The development of HBeAg-negative HBV infection and the interplay of the mutant virus with host immune responses are poorly understood [4], [6], but appears to involve loss of immunological control when synthesis of HBeAg wanes. Although serum HBV-DNA levels of HBeAg-negative virus are usually lower than wild-type (HBeAg-positive) virus, fluctuations in immune response over several years or decades exacerbate hepatic damage. Moreover, when diagnosed, patients with HBeAg-negative disease have typically been infected for a longer period than those with HBeAg-positive infection. The long duration of infection, along with the fluctuating cycle of viral replication and hepatic inflammation, eventually leads to cirrhosis in approximately 40% of patients and hepatocellular carcinoma in 14% of patients [4], [5]. Suppression of HBV replication has been shown to reduce the magnitude of hepatocellular injury and may reduce the morbidity and mortality associated with HBeAg-negative CHB [7], [8].

The one-year results from the double-blind study (www.clinicaltrials.gov identifier: NCT00035789) comparing entecavir with lamivudine in HBeAg-negative CHB patients have been previously reported [9]. In this phase III trial; 648 HBeAg-negative CHB patients with no previous experience with a nucleoside analogue were randomised (1:1) to entecavir 0.5 mg or lamivudine 1.0 mg daily for a minimum of 52 weeks. After 1 year of treatment, entecavir demonstrated superiority to lamivudine for the primary endpoint of histological improvement [9]. Entecavir was also shown to be superior to lamivudine for secondary endpoints, including mean reduction in HBV-DNA (5.0 vs 4.5 log₁₀ copies/mL, p < 0.001), proportions of patients achieving HBV-DNA < 300 copies/mL (90% vs 72%, p < 0.001) and ALT normalisation (78% vs 71%, p < 0.05). At the time the trial was designed, there was no consensus regarding the duration of therapy recommended for patients with HBeAg-negative CHB, and even today, duration of treatment remains ill defined.
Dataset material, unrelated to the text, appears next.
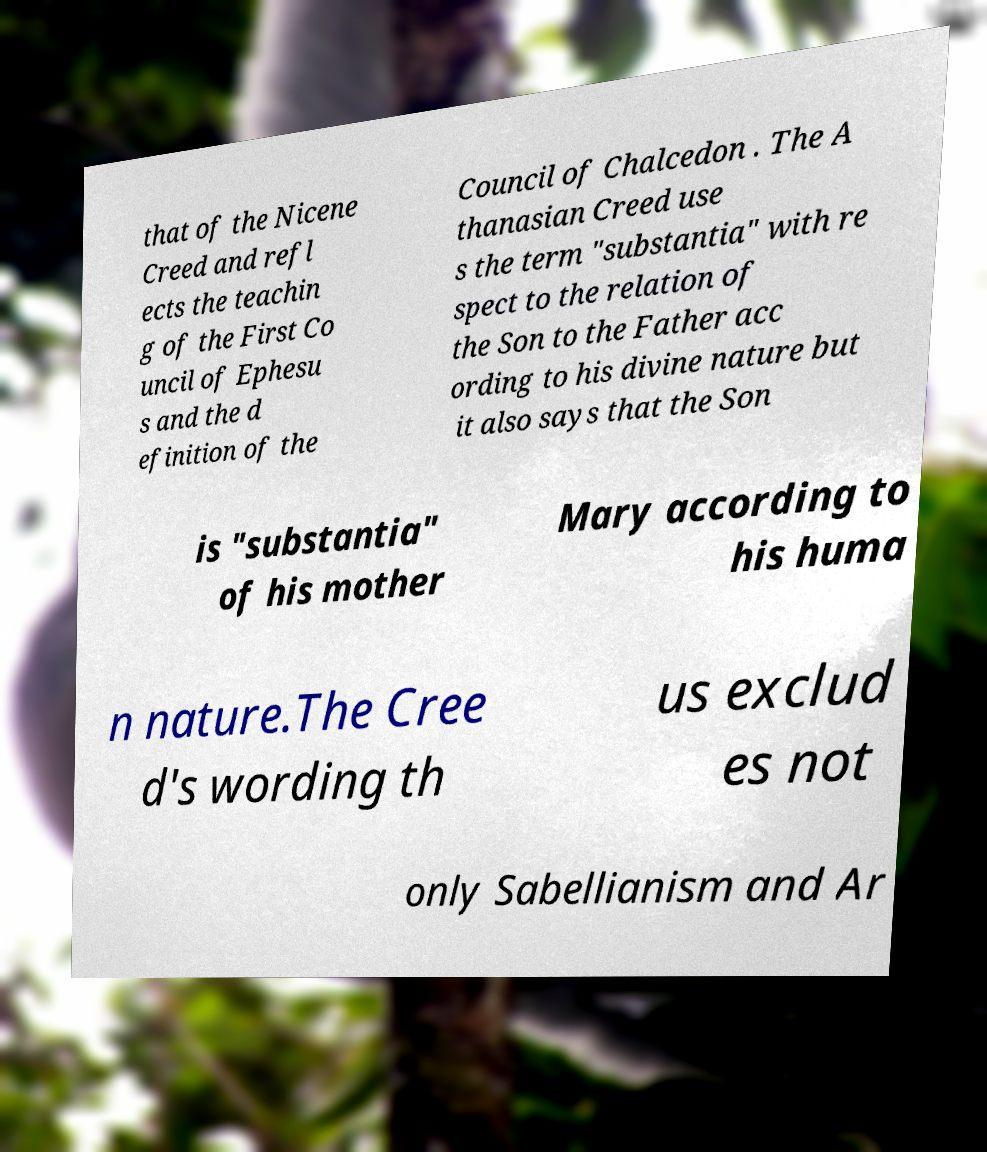Please read and relay the text visible in this image. What does it say? that of the Nicene Creed and refl ects the teachin g of the First Co uncil of Ephesu s and the d efinition of the Council of Chalcedon . The A thanasian Creed use s the term "substantia" with re spect to the relation of the Son to the Father acc ording to his divine nature but it also says that the Son is "substantia" of his mother Mary according to his huma n nature.The Cree d's wording th us exclud es not only Sabellianism and Ar

However, given the potent suppression of HBV replication seen with entecavir in vitro and in vivo during the phase 1 and phase 2 studies [10], [11], it was important to establish whether patients could achieve a sustained response off-therapy based on specified response criteria. This protocol allowed patients to either stop or continue blinded treatment depending on the protocol-defined ‘Response’ criteria evaluated at Week 48. We present the efficacy and safety results for a major cohort of HBeAg-negative patients who achieved a protocol-defined ‘Response’ and discontinued successful study therapy after Week 52; and for a smaller sub-cohort who had achieved a ‘Virological Response’ and continued treatment during year 2.